Start of Block

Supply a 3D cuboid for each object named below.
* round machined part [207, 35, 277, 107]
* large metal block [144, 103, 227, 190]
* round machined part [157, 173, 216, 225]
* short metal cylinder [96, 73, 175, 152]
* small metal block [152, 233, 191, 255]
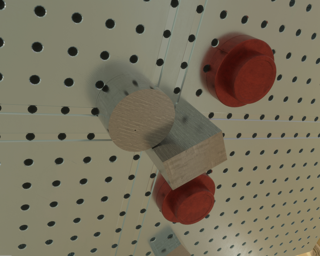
[{"bbox_3d":[0.116,-0.071,0.419,0.099,0.042,0.097,-14,124,-21],"label":"round machined part"},{"bbox_3d":[0.028,0.021,0.403,0.080,0.080,0.050,-27,128,-11],"label":"large metal block"},{"bbox_3d":[0.048,0.116,0.498,0.099,0.042,0.097,-14,124,-21],"label":"round machined part"},{"bbox_3d":[-0.029,-0.019,0.367,0.081,0.050,0.079,-14,124,-21],"label":"short metal cylinder"},{"bbox_3d":[0.022,0.227,0.564,0.050,0.025,0.050,-36,129,-5],"label":"small metal block"}]
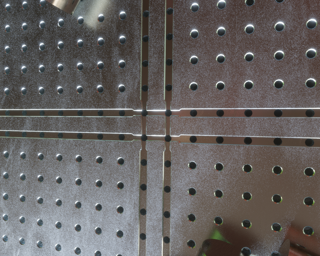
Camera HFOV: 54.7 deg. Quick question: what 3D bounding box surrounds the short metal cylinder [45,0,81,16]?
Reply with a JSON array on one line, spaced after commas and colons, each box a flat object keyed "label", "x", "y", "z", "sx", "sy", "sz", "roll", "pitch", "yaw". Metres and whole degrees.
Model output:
[{"label": "short metal cylinder", "x": -0.148, "y": -0.202, "z": 0.434, "sx": 0.080, "sy": 0.080, "sz": 0.050, "roll": 35, "pitch": 101, "yaw": 16}]

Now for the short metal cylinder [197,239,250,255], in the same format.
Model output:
[{"label": "short metal cylinder", "x": 0.075, "y": 0.174, "z": 0.357, "sx": 0.080, "sy": 0.080, "sz": 0.050, "roll": 26, "pitch": 99, "yaw": 17}]

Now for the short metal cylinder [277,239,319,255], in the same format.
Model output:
[{"label": "short metal cylinder", "x": 0.149, "y": 0.168, "z": 0.331, "sx": 0.050, "sy": 0.080, "sz": 0.080, "roll": 22, "pitch": 97, "yaw": 18}]

End of Block

● Exercise requirements
A single figure is all that is needed: the number of lines above that contain the string "object".

● Task answer
2